Intensive auditory and speech therapy followed the first implant. At age 10, Kathryn had the surgery for a second implant.
“Her speech was significantly delayed, but she caught up quick,” her mother said. “We kept her in an auditory-rich environment, and within eight months of having the first implant her brain was wired for sound.”
Today, Kathryn said she doesn’t define herself as a deaf or disabled person, and doesn’t dwell on the fact that she wears implants. Often when meeting new people, she said, she prefers to wear her long hair down instead of pulled away from her ears and face, so the small plastic implants that surround her ears won’t become the focus of attention. But in familiar situations, she said, she loses all inhibition about them.
“For a long time I was very self-conscious about them, but I’ve learned to deal with it,” she said. “I’ve learned that it’s not what other people think about you that’s important, it’s what you think of yourself.”
In her classes, her teachers often use a headset with a microphone that enables her to hear better. Being in crowds can be difficult, and she may not hear someone yelling from a distance.
“But I don’t avoid doing anything, because I think of myself as a hearing person,” she said. “I can hear 90 percent of what everyone else can.”
In her essay for her college applications, Kathryn told how attending the Leadership Opportunities for Teens program offered by The Alexander Graham Bell Association for Listening and Spoken Language in Orlando, Fla., last summer taught her how to be comfortable talking about the implants and how they have helped her achieve her potential.
“I learned to embrace my hearing loss,” she wrote. “It was no longer a burden. I was freed.”
The implants, Kathryn said, are "something to be proud of."
"They've really benefitted me, because without them I wouldn't have had the opportunity to talk to other people and be social," she said.
At St. Bernard, Kathryn has distinguished herself as a hard-working student and leader. A member of the cross-country team, National Honor Society and Spanish National Honor Society, she helps tutor other students in Spanish.

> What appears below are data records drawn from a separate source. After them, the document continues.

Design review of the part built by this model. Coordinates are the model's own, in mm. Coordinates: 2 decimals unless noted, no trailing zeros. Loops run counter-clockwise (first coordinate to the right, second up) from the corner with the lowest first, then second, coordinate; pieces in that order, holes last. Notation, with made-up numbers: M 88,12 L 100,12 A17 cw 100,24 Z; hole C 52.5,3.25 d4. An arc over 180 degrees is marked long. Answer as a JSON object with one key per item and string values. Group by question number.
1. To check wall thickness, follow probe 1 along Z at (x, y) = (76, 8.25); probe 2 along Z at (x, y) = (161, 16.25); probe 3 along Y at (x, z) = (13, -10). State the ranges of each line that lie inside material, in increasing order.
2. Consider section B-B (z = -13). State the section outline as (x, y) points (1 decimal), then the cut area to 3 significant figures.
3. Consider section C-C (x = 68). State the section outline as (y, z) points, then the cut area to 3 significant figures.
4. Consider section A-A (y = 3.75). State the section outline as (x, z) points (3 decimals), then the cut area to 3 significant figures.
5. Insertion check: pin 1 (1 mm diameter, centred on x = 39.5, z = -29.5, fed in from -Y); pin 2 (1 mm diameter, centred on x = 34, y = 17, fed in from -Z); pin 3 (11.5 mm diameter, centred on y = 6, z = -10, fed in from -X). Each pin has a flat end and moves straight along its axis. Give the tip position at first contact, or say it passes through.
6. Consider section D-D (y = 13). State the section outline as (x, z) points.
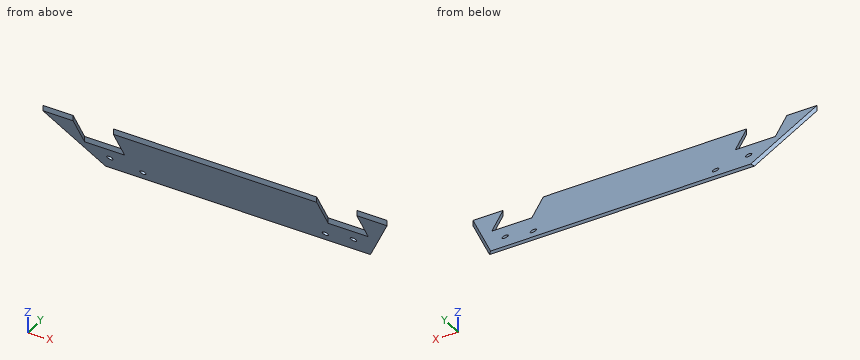
Autodesk Inventor part; units mm, degrees
ref_plane "YZ Plane" through (0, 0, 0) normal (1, 0, 0) x (0, 1, 0)
ref_plane "XZ Plane" through (0, 0, 0) normal (0, 1, 0) x (-1, 0, 0)
ref_plane "XY Plane" through (0, 0, 0) normal (0, 0, 1) x (1, 0, 0)
sketch "Szkic1" plane through (0, 0, 0) normal (1, 0, 0) x (0, 1, 0)
  line L0 (0.433, -0.75) -> (22.433, -38.8551)
  line L1 (22.433, -38.8551) -> (21.134, -39.6051)
  line L2 (21.134, -39.6051) -> (0.433, -3.75)
  line L3 (0.433, -3.75) -> (0.433, -0.75)
  line L4 (21.134, -39.6051) -> (21.134, -39.6051)
  dimension "d0" = 1.5
  dimension "d1" = 22
  dimension "d2" = 30
extrude "Wyciągnięcie proste1" add sketch "Szkic1" along normal blind 180.175
sketch "Szkic2" plane through (180.175, 22.433, 0) normal (0, 0, -1) x (-1, 0, 0)
  line L0 (143.375, -22) -> (164.375, -22)
  line L1 (164.375, -22) -> (164.375, -11.7)
  line L2 (164.375, -11.7) -> (143.375, -11.7)
  line L3 (143.375, -11.7) -> (143.375, -22)
  line L4 (180.175, -22) -> (0, -22) construction
  line L5 (180.175, -22) -> (180.175, 0) construction
  line L6 (180.175, -22) -> (180.175, 0)
  line L7 (180.175, 0) -> (0, 0) construction
  line L8 (158.175, 0) -> (180.175, -22)
  line L9 (90.0875, -22) -> (90.0875, 0) construction
  line L10 (180.175, 0) -> (158.175, 0)
  line L11 (36.8, -22) -> (15.8, -22)
  line L12 (15.8, -22) -> (15.8, -11.7)
  line L13 (15.8, -11.7) -> (36.8, -11.7)
  line L14 (36.8, -11.7) -> (36.8, -22)
  line L15 (0, -22) -> (0, 0) construction
  line L16 (0, -22) -> (0, 0)
  line L17 (22, 0) -> (0, -22)
  line L18 (0, 0) -> (22, 0)
  dimension "d9" = 21
  dimension "d10" = 10.3
  dimension "d33" = 15.8
  dimension "d34" = 45
extrude "Wyciągnięcie proste2" cut sketch "Szkic2" along normal through all
sketch "Szkic3" plane through (22, 22, -38.1051) normal (0, 0.866, 0.5) x (1, 0, 0)
  line L0 (-2, -0.5359) -> (138.175, -0.5359) construction
  line L1 (-2, -0.5359) -> (4.3275, -0.5359) construction
  line L2 (4.3275, -0.5359) -> (4.3275, -10.5359) construction
  line L3 (-2, -0.5359) -> (20.3275, -0.5359) construction
  line L4 (20.3275, -0.5359) -> (20.3275, -6.1359) construction
  line L5 (0, 0.4641) -> (136.175, 0.4641) construction
  line L6 (68.0875, 0.4641) -> (68.0854, -43.134) construction
  line L7 (-22, -43.134) -> (158.175, -43.134) construction
  circle A0 centre (20.3275, -6.1359) radius 1.6
  circle A1 centre (4.3275, -10.5359) radius 1.6
  circle A2 centre (131.8464, -10.542) radius 1.6
  circle A3 centre (115.8469, -6.1405) radius 1.6
  point P0 (-22, -44)
  point P1 (14.8, -43.134)
  point P2 (121.375, -44)
  dimension "d12" = 6.3275
  dimension "d13" = 10
  dimension "d14" = 22.3275
  dimension "d15" = 5.6
  dimension "d16" = 3.2
  dimension "d17" = 3.2
extrude "Wyciągnięcie proste3" cut sketch "Szkic3" against normal through all
properties part number "Przod2mm"
Findings below:
{
 "1": {"probe 1": "z = -17.29 to -14.29", "probe 2": "z = -31.15 to -28.15", "probe 3": "y = 4.04 to 5.77"},
 "2": {"outline": "M 5.3,5.8 L 15.8,5.8 L 15.8,7.5 L 7.1,7.5 Z; M 36.8,5.8 L 143.4,5.8 L 143.4,7.5 L 36.8,7.5 Z; M 164.4,5.8 L 174.8,5.8 L 173.1,7.5 L 164.4,7.5 Z", "area": "218 mm^2"},
 "3": {"outline": "M 0.43,-3.75 L 21.13,-39.61 L 22.43,-38.86 L 0.43,-0.75 Z", "area": "64.1 mm^2"},
 "4": {"outline": "M 3.317,-9.495 L 15.8,-9.495 L 15.8,-6.495 L 3.317,-6.495 Z; M 36.8,-9.495 L 143.375,-9.495 L 143.375,-6.495 L 36.8,-6.495 Z; M 164.375,-9.495 L 176.858,-9.495 L 176.858,-6.495 L 164.375,-6.495 Z", "area": "395 mm^2"},
 "5": {"pin 1": "stops at y = 15.01", "pin 2": "stops at z = -33.31", "pin 3": "stops at x = 1.35"},
 "6": {"outline": "M 12.57,-25.52 L 167.61,-25.52 L 167.61,-22.52 L 12.57,-22.52 Z"}
}

In college, she plans to continue studying Spanish as a complement to a human services-related field she hopes to enter one day — perhaps becoming a guidance counselor. Excelling in a foreign language is unusual for someone with hearing loss, since the disability exempts them from second language requirements for graduation.
“I could have opted out, but I think it’s really important to learn another language, to push yourself,” Kathryn said.
Two years ago, her family hosted a visiting Spanish exchange student for two weeks. The student didn’t know much English, so Kathryn spoke to her mostly in Spanish.
Gisela Anagnostis has taught Kathryn in honors-level Spanish classes for the last two years. Kathryn’s warm personality and enthusiasm for learning about other cultures will suit her well in a human services profession, she said, especially as she becomes fully fluent in Spanish.
“She enjoys a challenge,” Anagnostis said. “She’ll do very well.”
One of Kathryn’s best friends, Sarah Ferraro of Salem, described her as a frank-speaking, strong-willed and bold young woman who has shed the embarrassment she sometimes showed about the implants and her disability when she was a freshman and now exudes self-acceptance.
“She’s someone you can trust wholeheartedly, who isn’t afraid to speak her mind,” Ferraro said.